Style

THEATRE REVIEW: Marc Bamuthi Joseph's Spoken World

"Don't confuse your art with your life. Embody what you write."

~ MARC BAMUTHI JOSEPH

I have known for years that in every sense of the term, Marc Bamuthi Joseph works. He also doesn't move. He IS movement. Last Sunday, January 9th, I sat eagerly awaiting my first live MBJ performance in a place that always feels like home, one whose very name says, "you already know what we do, now come in and move with us": Dance Place. Since I moved to DC in 2001, I have danced furiously, taught joyfully, eaten and shopped at their annual Dance Africa Festival. I've shared some of the rawest moments of my creative adulthood at this family-friendly community space. In 2011, I vowed as an arts manager to renew my personal commitment to eliminating any and all barriers to access in the arts. In this regard, Dance Place has always been exemplary in ensuring that everyone is welcome. They continue to "transform lives... [educate], inspire personal growth, professional success, physical wellness and community engagement." So, I was honored when DP's Marketing Director asked me to serve as a community marketing partner via my five-woman, minority-owned, artist-manager collective, clutch mgmt. @bamuthi was not hard to promote. As one of the country's leading voices in performance, arts education and artistic curation, we just had to share it with the DMV community. Bamuthi and his super-human, one-man musical accompanist, Ajayi Jackson, played to nearly sold out crowds both nights.

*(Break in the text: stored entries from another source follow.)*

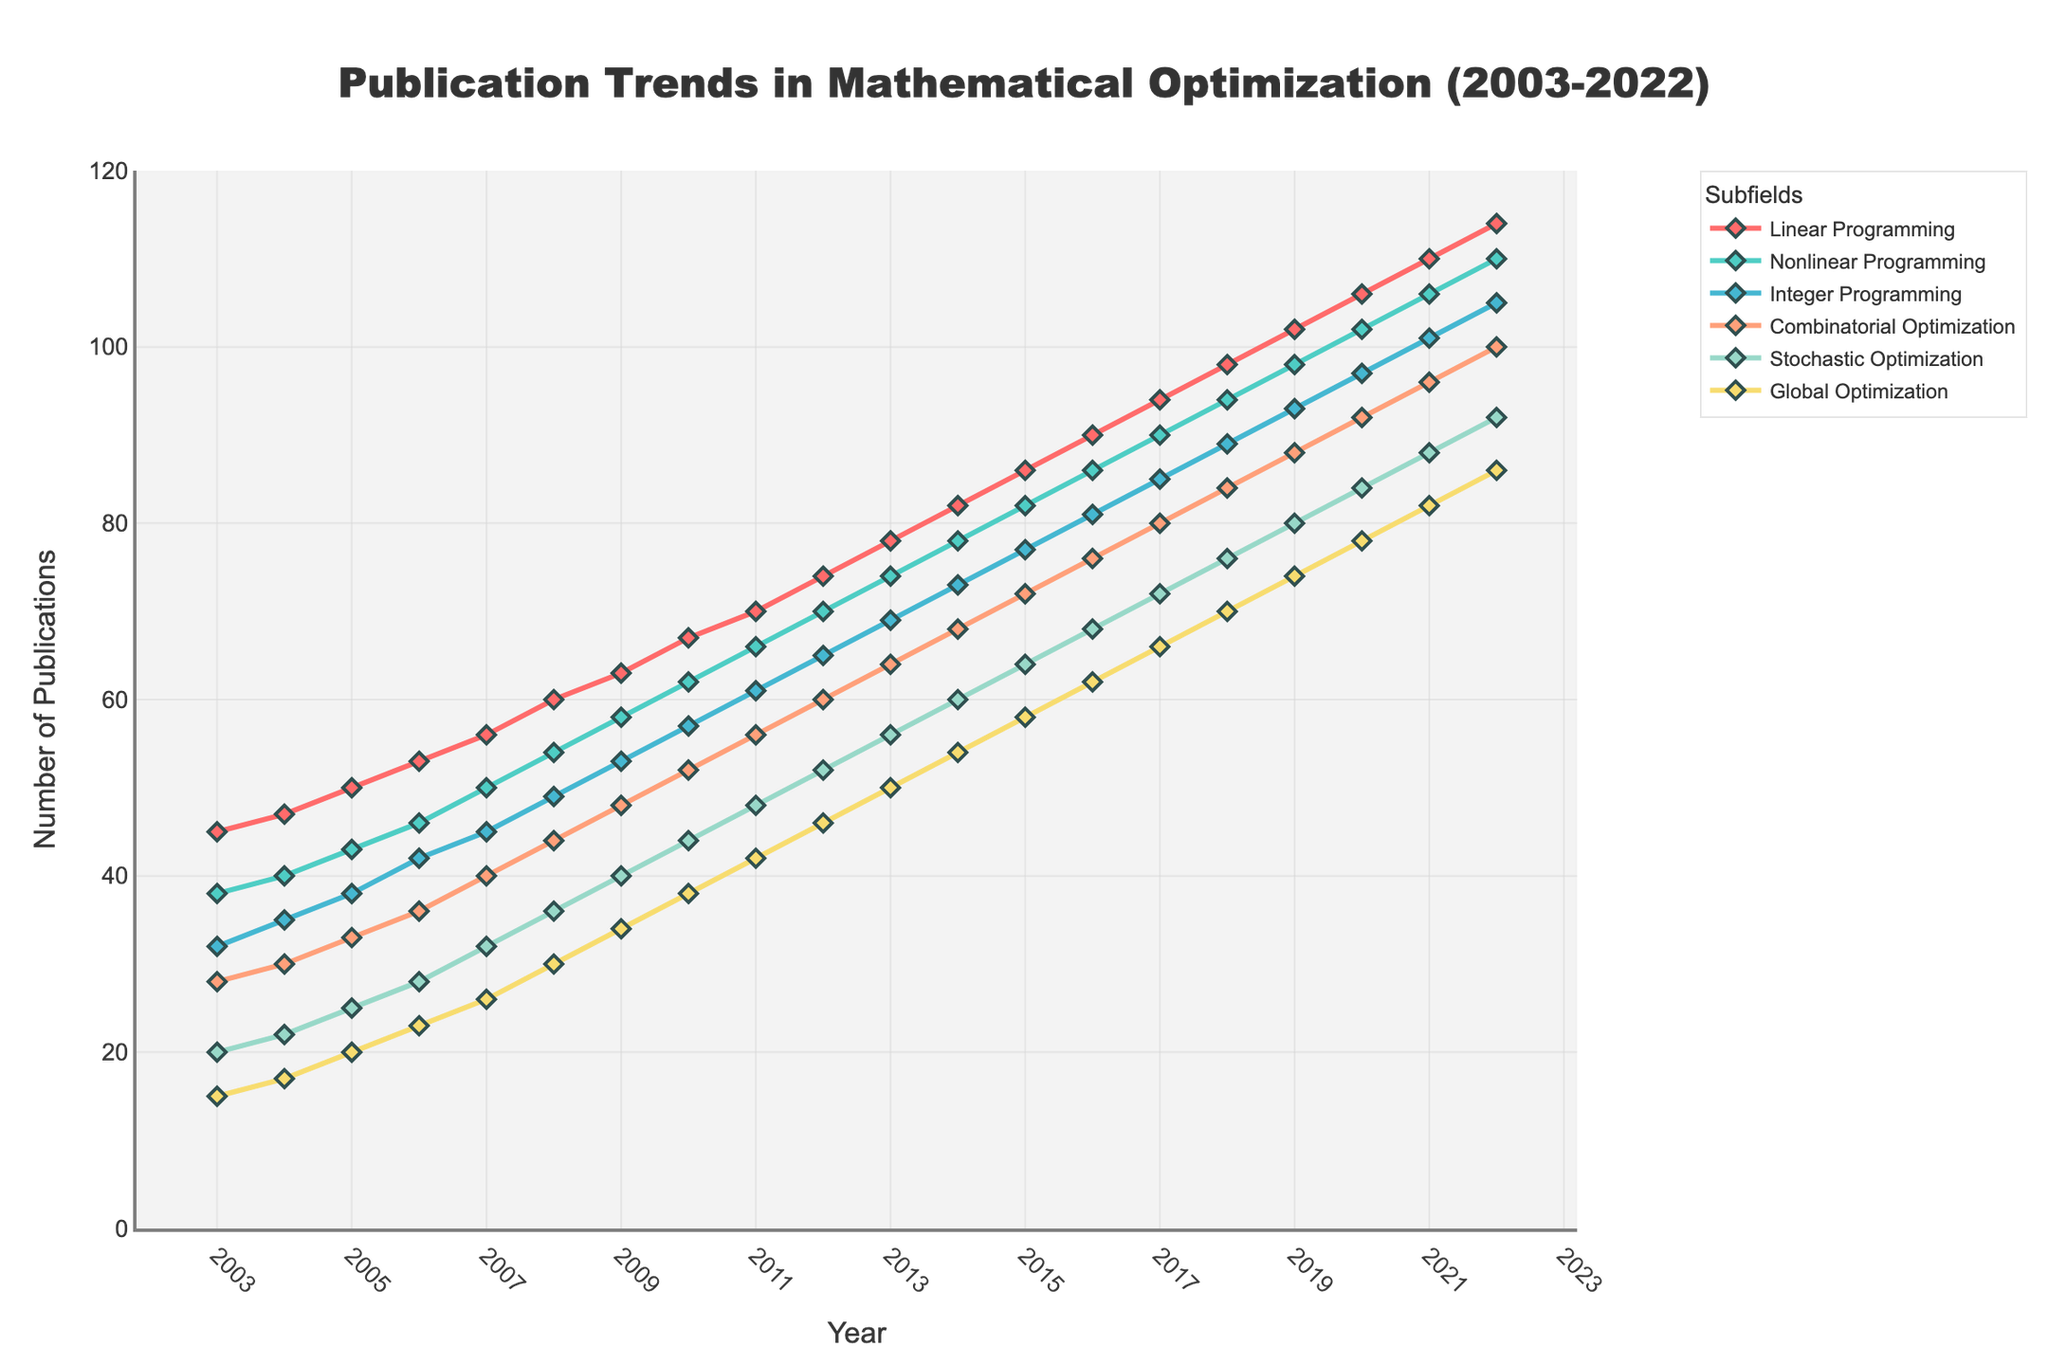What subfield has shown the highest increase in the number of publications from 2003 to 2022? To find the subfield with the highest increase, look at the endpoints for each line in the chart. Calculate the difference for each subfield between 2022 and 2003. Linear Programming has the highest difference (114 publications in 2022 minus 45 publications in 2003 = 69 publications increase).
Answer: Linear Programming Which subfields experienced a steady increase in publications over the entire period? Analyze the trend lines for each subfield. Identify lines that show a consistent upward trajectory without dips. All subfields show a steady increase: Linear Programming, Nonlinear Programming, Integer Programming, Combinatorial Optimization, Stochastic Optimization, Global Optimization.
Answer: All subfields What year saw Nonlinear Programming surpass 100 publications? Locate the Nonlinear Programming trend line, then identify the year when it crosses the 100 publications mark on the y-axis. In 2020, Nonlinear Programming surpassed 100 publications.
Answer: 2020 How does the number of publications in Integer Programming in 2010 compare to Combinatorial Optimization in the same year? Check the y-values of Integer Programming and Combinatorial Optimization for 2010 on the chart. Integer Programming has 57 publications while Combinatorial Optimization has 52 publications.
Answer: Integer Programming has 57, Combinatorial Optimization has 52 What is the average number of publications for Stochastic Optimization from 2003 to 2022? Sum the number of publications for Stochastic Optimization from each year, then divide by the number of years (20). The total is 1380 and the number of years is 20, so the average is 1380 / 20.
Answer: 69 Which subfield had the lowest number of publications in 2003, and what was the number? Check the y-values for all subfields in 2003. Global Optimization has the lowest value with 15 publications.
Answer: Global Optimization with 15 publications In what year did the number of publications in Global Optimization first exceed 50? Follow the Global Optimization trend line and identify the first year it crosses the 50 publications mark. In 2013, Global Optimization exceeded 50 publications.
Answer: 2013 What is the combined number of publications for all subfields in 2015? Sum the y-values for each subfield in 2015: 86 (Linear Programming) + 82 (Nonlinear Programming) + 77 (Integer Programming) + 72 (Combinatorial Optimization) + 64 (Stochastic Optimization) + 58 (Global Optimization) = 439.
Answer: 439 Which subfield has the steepest increase in publications between the years 2010 and 2020? Compare the slopes of the trend lines for each subfield between 2010 and 2020 by calculating the differences: Linear Programming (106-67=39), Nonlinear Programming (102-62=40), Integer Programming (97-57=40), Combinatorial Optimization (92-52=40), Stochastic Optimization (84-44=40), Global Optimization (78-38=40). The steepest increase is the same for Nonlinear Programming, Integer Programming, Combinatorial Optimization, Stochastic Optimization, and Global Optimization as all increased by 40.
Answer: Nonlinear Programming, Integer Programming, Combinatorial Optimization, Stochastic Optimization, Global Optimization

Although some Couch Sessions readers might not be familiar with "Bamuthi," the arts innovator has done several performances with giants CS readers will easily identify: Ben Harper, De La Soul, The Roots, Kanye West, Saul Williams, Cody Chestnutt, Blackalicious, Jill Scott, Mos Def, Sonia Sanchez, Gil Scott Heron, The Last Poets, Amiri Baraka, Danny Hoch and many others. And it shows. On this particular evening, Bamuthi offered a moving self-portrait of a man both burdened and blissful at the idea of imminent fatherhood in an excerpt from Word Becomes Flesh, several spoken/movement collages of hip-hop's "glocalization" from Bosnia to Tokyo in the break/s, and a haunting yet inspiring view of the 'hood and what environmental justice looks like in under-resourced communities in red, black and GREEN: a blues. For some, vignette-style presentation is unnerving. I overheard a few audience members lamenting not getting enough of the narrative. But, to this reviewer, the audience wanting more is a sign of artistic accomplishment rather than an editing oversight. The #Smartist knows this. The #Smartist teases.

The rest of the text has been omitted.